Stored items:
[Start of Attachment]

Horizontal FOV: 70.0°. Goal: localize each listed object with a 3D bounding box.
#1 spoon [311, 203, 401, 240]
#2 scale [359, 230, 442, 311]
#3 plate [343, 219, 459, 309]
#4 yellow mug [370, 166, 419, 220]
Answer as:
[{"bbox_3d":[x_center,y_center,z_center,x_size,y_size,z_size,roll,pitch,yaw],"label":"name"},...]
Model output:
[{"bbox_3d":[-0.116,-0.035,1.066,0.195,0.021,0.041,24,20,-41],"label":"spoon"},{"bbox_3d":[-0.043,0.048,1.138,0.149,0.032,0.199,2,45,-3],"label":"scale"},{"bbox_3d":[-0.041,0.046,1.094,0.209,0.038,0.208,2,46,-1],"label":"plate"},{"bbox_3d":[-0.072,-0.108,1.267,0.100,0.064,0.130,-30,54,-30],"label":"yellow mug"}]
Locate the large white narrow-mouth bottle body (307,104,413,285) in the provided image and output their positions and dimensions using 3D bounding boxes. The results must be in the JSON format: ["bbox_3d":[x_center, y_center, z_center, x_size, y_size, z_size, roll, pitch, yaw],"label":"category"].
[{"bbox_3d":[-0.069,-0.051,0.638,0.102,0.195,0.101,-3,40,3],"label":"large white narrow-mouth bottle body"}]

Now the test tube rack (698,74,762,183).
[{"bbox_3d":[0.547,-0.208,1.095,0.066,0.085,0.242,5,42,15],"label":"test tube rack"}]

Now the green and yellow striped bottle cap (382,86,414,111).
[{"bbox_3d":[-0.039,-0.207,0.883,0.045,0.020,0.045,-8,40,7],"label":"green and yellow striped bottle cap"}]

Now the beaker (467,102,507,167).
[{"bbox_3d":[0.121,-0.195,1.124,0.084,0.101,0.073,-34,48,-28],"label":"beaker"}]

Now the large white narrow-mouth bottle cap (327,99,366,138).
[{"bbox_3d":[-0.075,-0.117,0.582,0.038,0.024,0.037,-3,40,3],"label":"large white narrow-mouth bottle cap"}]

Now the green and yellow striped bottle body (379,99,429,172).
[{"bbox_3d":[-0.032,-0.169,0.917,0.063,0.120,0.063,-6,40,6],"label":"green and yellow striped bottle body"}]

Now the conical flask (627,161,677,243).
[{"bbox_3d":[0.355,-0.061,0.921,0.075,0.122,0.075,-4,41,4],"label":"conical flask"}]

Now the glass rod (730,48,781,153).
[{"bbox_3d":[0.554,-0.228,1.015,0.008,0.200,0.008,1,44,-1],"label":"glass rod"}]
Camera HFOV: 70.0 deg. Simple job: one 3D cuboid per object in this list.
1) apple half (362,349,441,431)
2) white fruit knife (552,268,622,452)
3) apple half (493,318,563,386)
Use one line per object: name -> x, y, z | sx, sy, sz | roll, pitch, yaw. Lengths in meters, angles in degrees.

[End of Attachment]

WORK INSTRUCTION: Word for word, write out all of the data above.

REPLY:
Horizontal FOV: 70.0°. Goal: localize each listed object with a 3D bounding box.
#1 spoon [311, 203, 401, 240]
#2 scale [359, 230, 442, 311]
#3 plate [343, 219, 459, 309]
#4 yellow mug [370, 166, 419, 220]
Answer as:
[{"bbox_3d":[x_center,y_center,z_center,x_size,y_size,z_size,roll,pitch,yaw],"label":"name"},...]
Model output:
[{"bbox_3d":[-0.116,-0.035,1.066,0.195,0.021,0.041,24,20,-41],"label":"spoon"},{"bbox_3d":[-0.043,0.048,1.138,0.149,0.032,0.199,2,45,-3],"label":"scale"},{"bbox_3d":[-0.041,0.046,1.094,0.209,0.038,0.208,2,46,-1],"label":"plate"},{"bbox_3d":[-0.072,-0.108,1.267,0.100,0.064,0.130,-30,54,-30],"label":"yellow mug"}]
Locate the large white narrow-mouth bottle body (307,104,413,285) in the provided image and output their positions and dimensions using 3D bounding boxes. The results must be in the JSON format: ["bbox_3d":[x_center, y_center, z_center, x_size, y_size, z_size, roll, pitch, yaw],"label":"category"].
[{"bbox_3d":[-0.069,-0.051,0.638,0.102,0.195,0.101,-3,40,3],"label":"large white narrow-mouth bottle body"}]

Now the test tube rack (698,74,762,183).
[{"bbox_3d":[0.547,-0.208,1.095,0.066,0.085,0.242,5,42,15],"label":"test tube rack"}]

Now the green and yellow striped bottle cap (382,86,414,111).
[{"bbox_3d":[-0.039,-0.207,0.883,0.045,0.020,0.045,-8,40,7],"label":"green and yellow striped bottle cap"}]

Now the beaker (467,102,507,167).
[{"bbox_3d":[0.121,-0.195,1.124,0.084,0.101,0.073,-34,48,-28],"label":"beaker"}]

Now the large white narrow-mouth bottle cap (327,99,366,138).
[{"bbox_3d":[-0.075,-0.117,0.582,0.038,0.024,0.037,-3,40,3],"label":"large white narrow-mouth bottle cap"}]

Now the green and yellow striped bottle body (379,99,429,172).
[{"bbox_3d":[-0.032,-0.169,0.917,0.063,0.120,0.063,-6,40,6],"label":"green and yellow striped bottle body"}]

Now the conical flask (627,161,677,243).
[{"bbox_3d":[0.355,-0.061,0.921,0.075,0.122,0.075,-4,41,4],"label":"conical flask"}]

Now the glass rod (730,48,781,153).
[{"bbox_3d":[0.554,-0.228,1.015,0.008,0.200,0.008,1,44,-1],"label":"glass rod"}]
Camera HFOV: 70.0 deg. Simple job: one 3D cuboid per object in this list.
1) apple half (362,349,441,431)
2) white fruit knife (552,268,622,452)
3) apple half (493,318,563,386)
Use one line per object: name -> x, y, z | sx, sy, sz | roll, pitch, yaw. Lengths in meters, angles in degrees.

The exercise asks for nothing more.